Старательно разжевав таблетку снотворного, запив её глотком тёплой жидкости, он решил не сразу возвращаться в постель, а подошёл к окну, повинуясь внезапному желанию видеть людей, и раздвинул тяжёлые коричневые портьеры.

Огни ночного города блестели «змеиной чешуёй» отсветов в чёрных водах Темзы.

Комната наполнилась не только отсветом фонарей, но и громкими звуками, словно толстой ткани было достаточно, чтобы изолировать помещение от уличного гомона. Постукивания каблучков припозднившихся леди гулким эхом отдавались от мостовой. Из приоткрытого окна одного из домов лились звуки оперы Верди «Травиата»; высокий, полный страсти мужской голос – чуть надтреснутый, искажённый граммофоном – объяснялся в любви падшей женщине.

Мистер Брион плотно сжал губы и постарался абстрагироваться от бьющей по нервам музыкальной партии. Крики пьянчужки, недовольного тем, что его выкинули из паба, разрезали воздух, заставляя одиноких прохожих опасливо оглядываться и переходить на другую сторону тротуара. Промчавшийся автомобиль осветил фарами влюблённую парочку, ищущую уединения в темноте арки многоэтажного дома.

Как многое изменилось с тех пор, как он в спешке садился на поезд вокзала Лондонский мост, купив билет до Дувра, откуда морем отправился домой, в Монреаль, вместо счастливого жениха сделавшись убийцей друга. Ален прикрыл веки.
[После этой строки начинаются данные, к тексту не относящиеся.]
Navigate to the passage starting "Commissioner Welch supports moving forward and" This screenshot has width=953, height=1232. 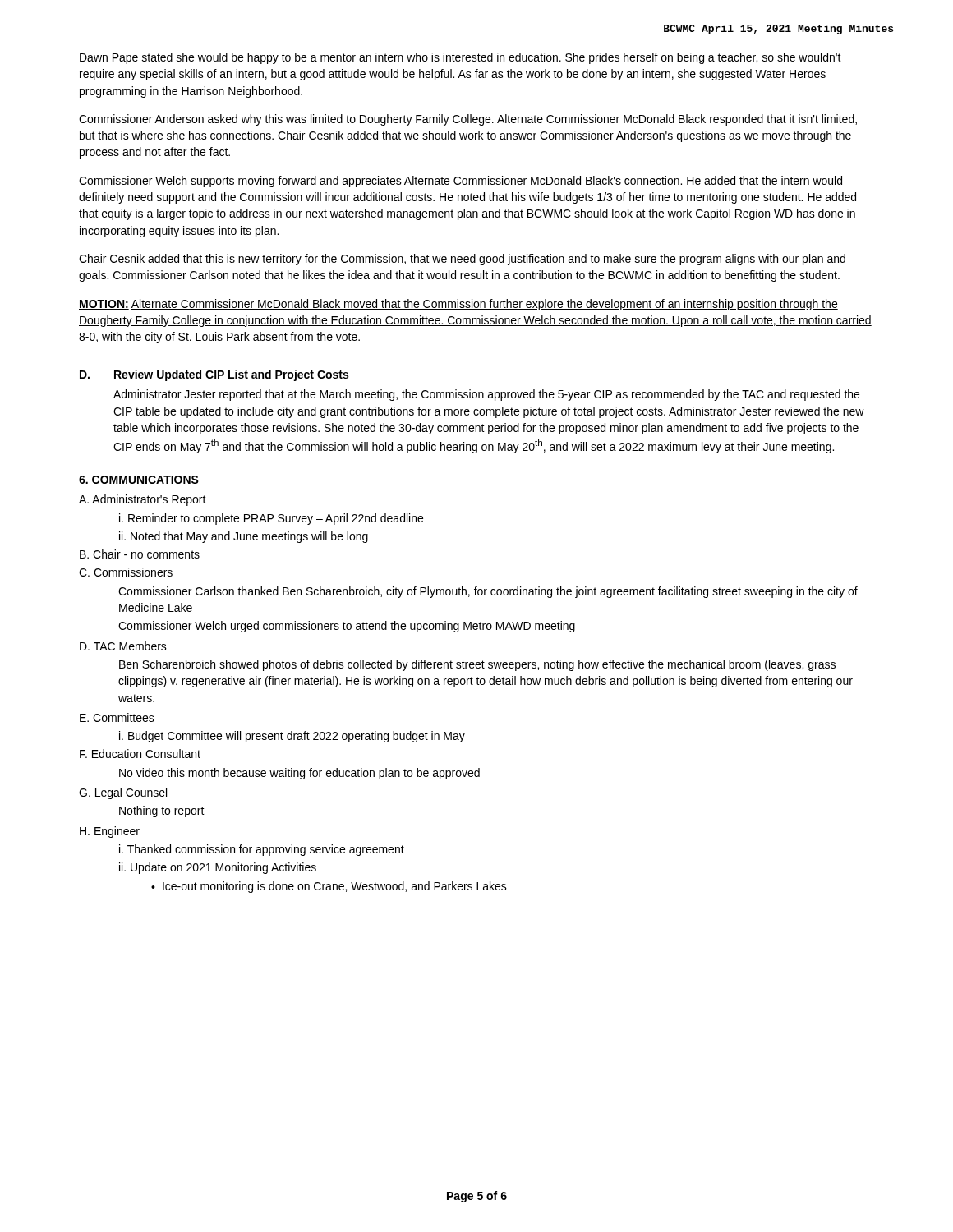[x=468, y=205]

Запрятанные в дальние уголки памяти воспоминания снова попытались вырваться на свободу, принося горечь и боль.

– Je t'aime, je t'aime, je t'aime…

Его француженка, актриса английского театра.

Пухлые губы раскрыты в сладостных криках оргазма, влажная, белая кожа пахнет малиной, рыжие локоны языками яркого пламени разметались по подушкам.
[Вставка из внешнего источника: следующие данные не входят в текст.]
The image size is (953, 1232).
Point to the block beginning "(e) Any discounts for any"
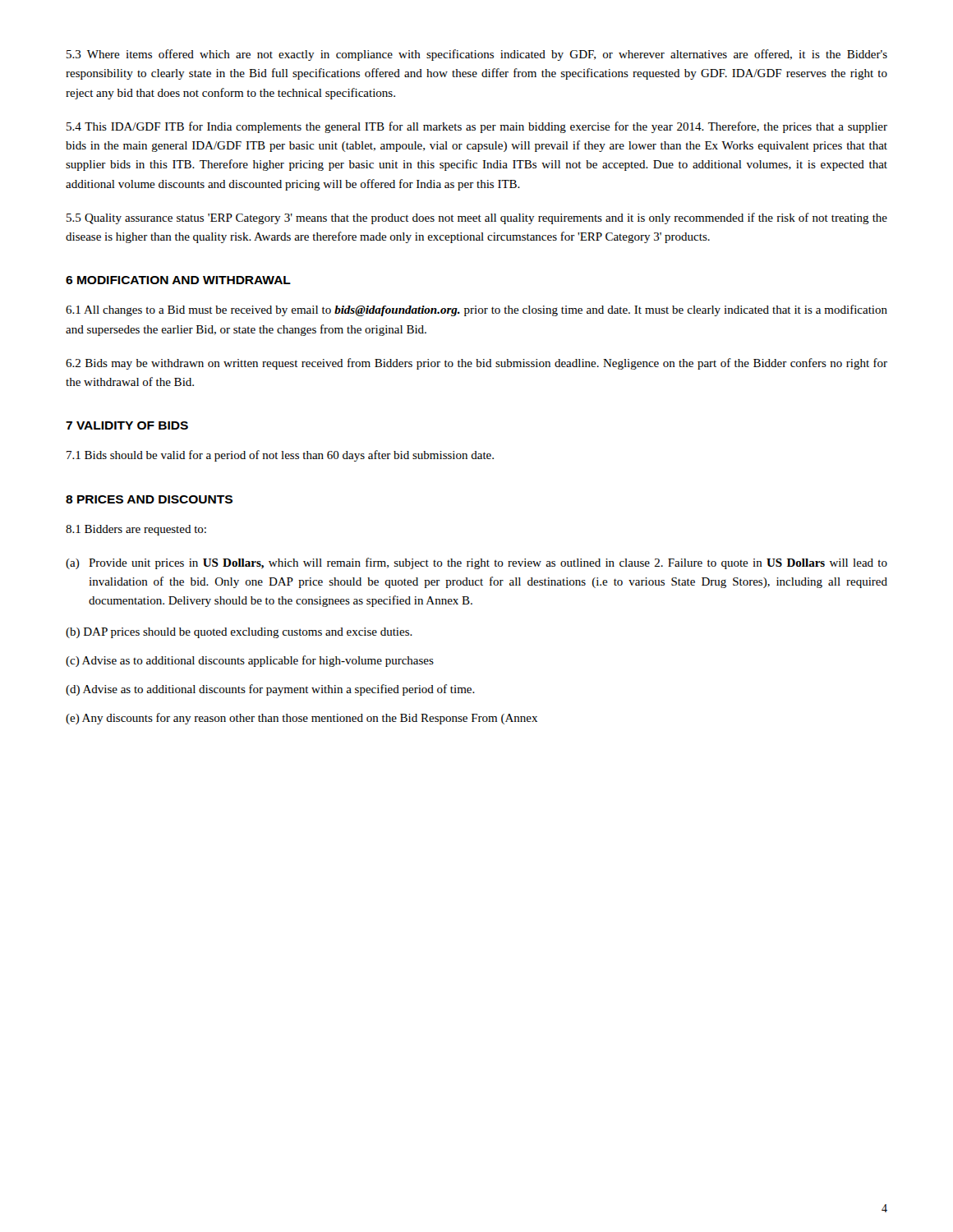coord(302,718)

– Только ты… только с тобой…

И он верил, слепец, не замечающий ничего дальше собственного носа.

Первое письмо принесли с почтой за полмесяца до помолвки. Он порвал желтоватый лист вместе с конвертом и бросил в камин, не дочитав гнусный навет на любимую. Второе прочёл до конца. Последние строчки содержали обещание назвать имя таинственного любовника вероломной невесты.

Брион разомкнул тяжёлые веки, перевёл взгляд на реку и пошатнулся от удивления.

По водам Темзы с шумом двигался колёсный пароход – огромный, железный «монстр», освещённый множеством фонарей, украшенный разноцветными флажками, словно для праздника. Стальной «элефант», явившийся из далёкого прошлого, не мог быть реальностью. Старик хорошо понимал это, не представляя, чем вызван новый мираж.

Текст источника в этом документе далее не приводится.